▸ **Exercise**: Report the lines of the data below that contain the string "object".

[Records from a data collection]
==*==

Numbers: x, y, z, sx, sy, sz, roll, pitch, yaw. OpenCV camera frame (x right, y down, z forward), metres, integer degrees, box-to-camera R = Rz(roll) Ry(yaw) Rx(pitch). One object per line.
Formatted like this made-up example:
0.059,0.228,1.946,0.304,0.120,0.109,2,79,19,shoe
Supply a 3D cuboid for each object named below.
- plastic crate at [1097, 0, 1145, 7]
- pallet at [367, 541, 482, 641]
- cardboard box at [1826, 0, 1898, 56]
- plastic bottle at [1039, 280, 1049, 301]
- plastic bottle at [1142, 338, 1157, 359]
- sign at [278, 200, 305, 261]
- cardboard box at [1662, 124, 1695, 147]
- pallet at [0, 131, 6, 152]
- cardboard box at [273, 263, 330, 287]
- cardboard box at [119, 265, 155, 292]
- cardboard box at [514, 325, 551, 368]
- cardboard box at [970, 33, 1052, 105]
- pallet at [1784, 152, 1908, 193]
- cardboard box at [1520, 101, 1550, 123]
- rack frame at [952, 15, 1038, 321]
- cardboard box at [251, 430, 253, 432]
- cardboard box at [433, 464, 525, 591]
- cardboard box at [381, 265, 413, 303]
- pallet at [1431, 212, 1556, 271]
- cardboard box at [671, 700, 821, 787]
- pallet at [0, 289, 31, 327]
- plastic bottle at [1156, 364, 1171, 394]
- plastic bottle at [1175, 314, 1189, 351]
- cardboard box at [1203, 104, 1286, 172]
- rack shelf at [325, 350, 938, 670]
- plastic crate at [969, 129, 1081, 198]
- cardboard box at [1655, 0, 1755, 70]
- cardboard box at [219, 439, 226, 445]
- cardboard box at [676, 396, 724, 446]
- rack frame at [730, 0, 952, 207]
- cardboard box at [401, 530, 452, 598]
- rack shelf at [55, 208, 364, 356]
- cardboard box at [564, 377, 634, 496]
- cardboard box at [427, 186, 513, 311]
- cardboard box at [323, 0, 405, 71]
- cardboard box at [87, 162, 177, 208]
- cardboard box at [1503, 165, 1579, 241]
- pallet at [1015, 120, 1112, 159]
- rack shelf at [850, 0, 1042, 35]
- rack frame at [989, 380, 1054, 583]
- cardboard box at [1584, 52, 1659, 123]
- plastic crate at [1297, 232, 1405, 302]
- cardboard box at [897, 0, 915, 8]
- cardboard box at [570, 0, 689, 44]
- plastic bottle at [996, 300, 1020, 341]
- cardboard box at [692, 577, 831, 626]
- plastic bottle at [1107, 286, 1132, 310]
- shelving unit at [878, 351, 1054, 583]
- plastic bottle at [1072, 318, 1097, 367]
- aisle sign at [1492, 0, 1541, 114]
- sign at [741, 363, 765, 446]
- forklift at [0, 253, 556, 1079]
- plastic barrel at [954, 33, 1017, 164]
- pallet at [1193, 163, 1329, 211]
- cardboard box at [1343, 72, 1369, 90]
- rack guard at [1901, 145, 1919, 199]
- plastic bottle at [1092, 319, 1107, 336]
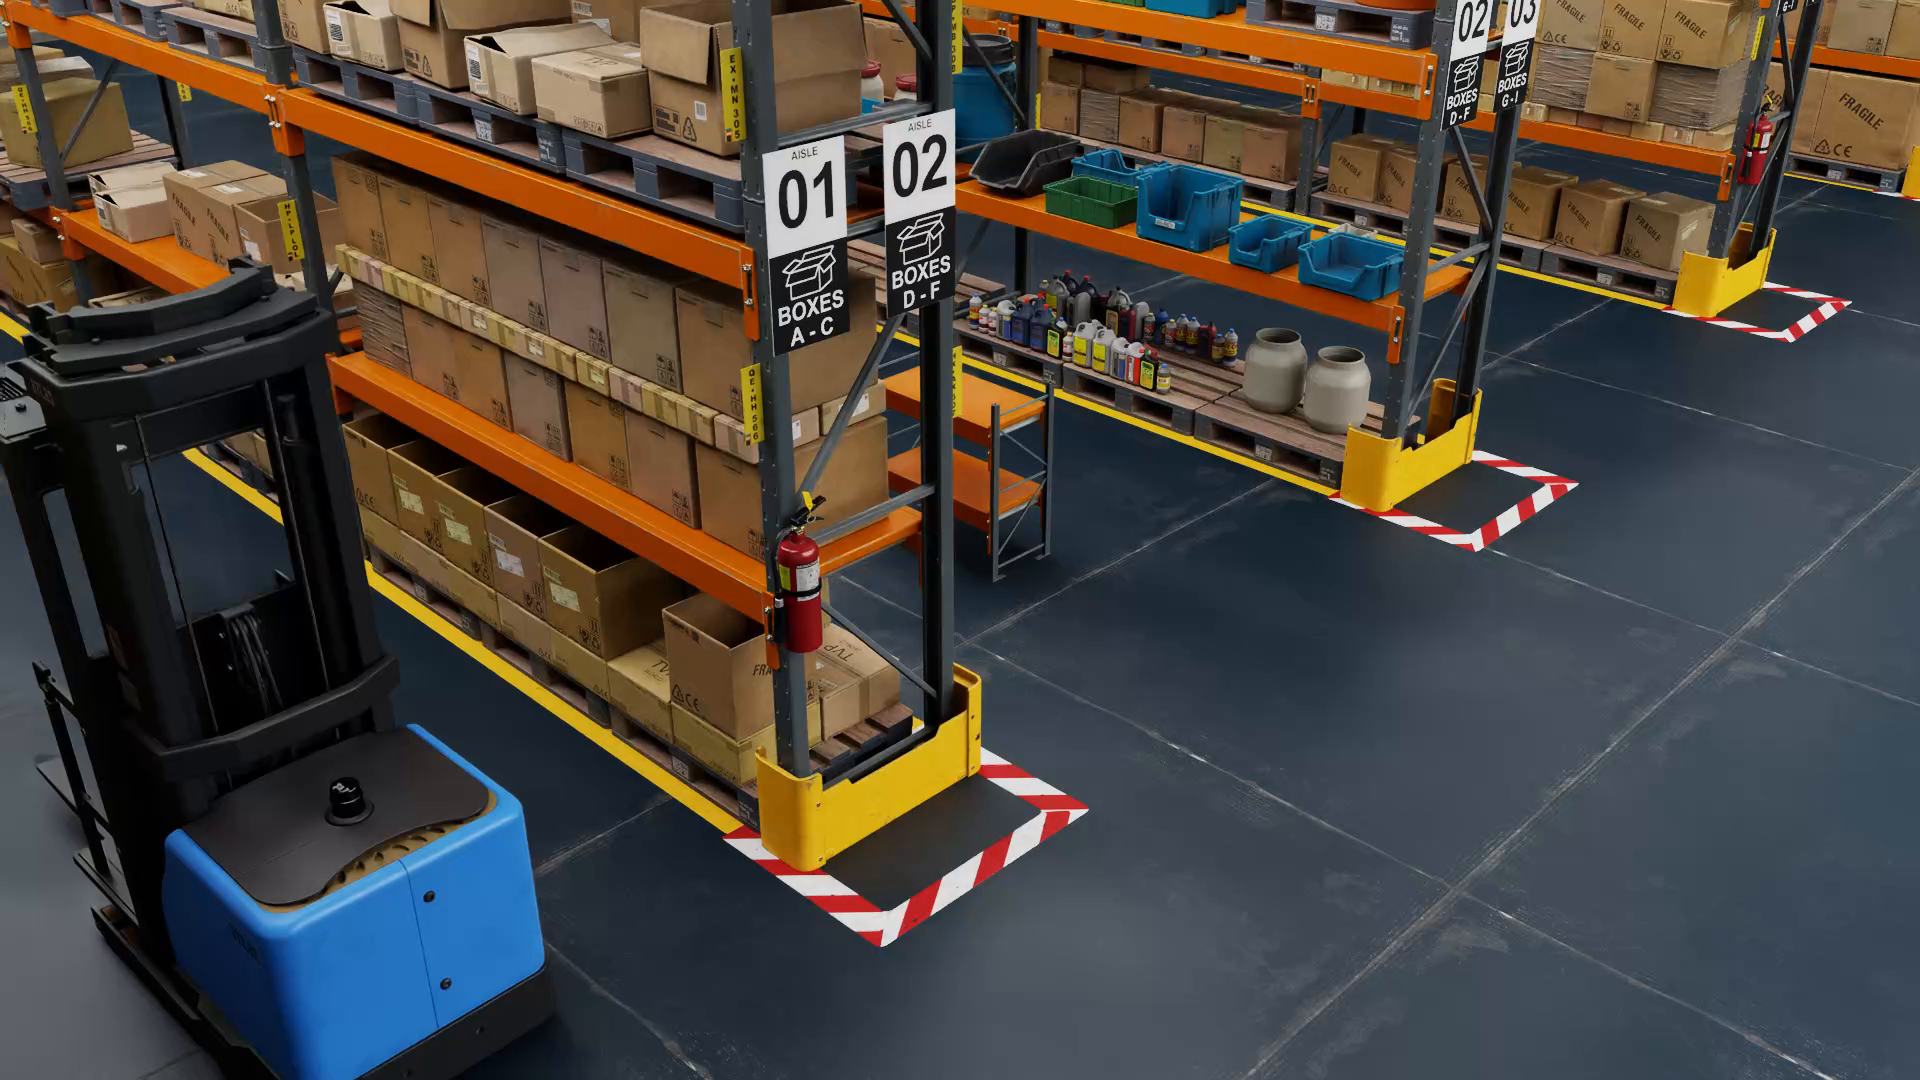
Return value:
1.136,-3.666,11.003,0.450,0.188,0.336,25,36,38,plastic crate
-2.736,0.113,9.808,1.213,0.211,1.003,25,36,38,pallet
9.372,-5.333,17.009,0.550,0.550,0.875,25,36,38,cardboard box
0.679,-1.978,13.323,0.097,0.201,0.097,0,28,0,plastic bottle
1.351,-1.305,11.955,0.133,0.283,0.061,25,36,38,plastic bottle
-3.647,-1.689,9.079,0.005,0.325,0.100,25,36,38,sign
6.001,-3.371,13.707,0.250,0.149,0.380,25,36,38,cardboard box
-7.516,-3.248,13.410,1.213,0.211,1.003,25,36,38,pallet
-4.029,-1.561,10.140,0.258,0.266,0.396,24,36,37,cardboard box
-6.250,-2.031,13.103,0.500,0.500,0.500,-23,36,-37,cardboard box
-1.935,-0.987,8.101,0.250,0.149,0.380,24,36,38,cardboard box
0.344,-5.463,19.249,0.875,0.875,1.225,23,35,36,cardboard box
9.451,-3.989,17.610,1.213,0.211,1.003,25,36,38,pallet
5.035,-3.744,14.416,0.250,0.149,0.380,25,36,38,cardboard box
0.202,-3.037,12.803,0.127,3.000,1.000,25,36,38,rack frame
-4.493,-0.980,10.791,0.500,0.311,0.500,24,36,38,cardboard box
-2.449,-0.114,8.941,0.500,0.500,0.500,25,36,38,cardboard box
-2.854,-1.408,8.901,0.250,0.149,0.380,23,36,37,cardboard box
5.052,-2.841,15.426,1.213,0.211,1.003,25,36,38,pallet
-1.011,0.865,7.885,0.500,0.250,0.500,25,36,38,cardboard box
-7.498,-2.120,14.054,1.213,0.211,1.003,25,36,38,pallet
1.437,-1.142,11.733,0.097,0.201,0.097,0,28,0,plastic bottle
1.664,-1.559,12.450,0.097,0.271,0.097,0,28,0,plastic bottle
2.925,-4.139,17.111,0.500,0.500,0.700,24,36,38,cardboard box
-1.848,-0.423,8.605,4.000,0.370,1.077,25,36,38,rack shelf
0.486,-2.797,12.412,0.504,0.338,0.767,25,36,38,plastic crate
5.961,-4.092,13.307,0.500,0.500,0.500,25,36,38,cardboard box
-4.859,-0.901,11.244,0.500,0.250,0.500,-24,36,-38,cardboard box
-1.015,-0.567,7.301,0.380,0.149,0.250,-24,36,-38,cardboard box
-0.421,-2.745,5.801,0.127,3.000,1.000,25,36,38,rack frame
-2.803,0.053,9.429,0.500,0.250,0.500,25,36,38,cardboard box
-4.700,-1.729,11.087,4.000,0.370,1.077,25,36,38,rack shelf
-1.473,-0.624,8.106,0.500,0.500,0.700,25,37,39,cardboard box
-2.235,-1.542,8.458,0.500,0.500,0.700,25,36,38,cardboard box
-2.714,-2.502,8.057,0.500,0.311,0.500,22,35,36,cardboard box
-5.897,-2.527,11.929,0.500,0.311,0.500,-23,35,-36,cardboard box
5.210,-3.059,15.079,0.500,0.500,0.500,-21,34,-35,cardboard box
1.378,-4.496,18.574,1.213,0.211,1.003,25,36,38,pallet
-0.604,-6.320,19.820,4.000,0.370,1.077,25,36,38,rack shelf
0.358,-0.334,9.677,0.032,1.125,0.500,25,36,38,rack frame
5.713,-3.863,13.947,0.500,0.500,0.875,25,36,38,cardboard box
2.487,-1.730,10.477,0.616,0.251,0.499,25,36,38,plastic crate
-0.428,-6.442,19.171,0.500,0.500,0.500,23,36,37,cardboard box
-1.414,-2.342,7.548,0.500,0.500,0.500,25,36,38,cardboard box
0.371,-1.680,12.677,0.152,0.276,0.135,-24,36,-37,plastic bottle
-1.006,0.199,8.347,0.500,0.500,0.500,25,36,38,cardboard box
1.230,-1.777,12.780,0.185,0.351,0.144,24,36,38,plastic bottle
-0.005,-0.500,9.992,1.048,1.125,0.538,25,36,38,shelving unit
0.924,-1.458,12.173,0.185,0.351,0.144,24,36,38,plastic bottle
3.311,-2.956,9.856,0.004,0.787,0.394,25,36,38,aisle sign
-0.812,-0.531,6.538,0.005,0.325,0.100,25,36,38,sign
-3.012,0.306,6.519,3.031,2.935,1.130,24,36,38,forklift
0.139,-3.486,13.117,0.708,0.901,0.600,25,36,38,plastic barrel
3.118,-3.700,17.060,1.213,0.211,1.003,25,36,38,pallet
3.786,-4.314,15.501,0.250,0.149,0.380,25,36,38,cardboard box
10.093,-3.874,17.081,0.348,0.500,1.175,25,36,38,rack guard
1.010,-1.482,12.300,0.135,0.276,0.152,25,36,38,plastic bottle

==*==

▸ **Task solution**:
Numbers: x, y, z, sx, sy, sz, roll, pitch, yaw. OpenCV camera frame (x right, y down, z forward), metres, integer degrees, box-to-camera R = Rz(roll) Ry(yaw) Rx(pitch). One object per line.
Supply a 3D cuboid for each object named below.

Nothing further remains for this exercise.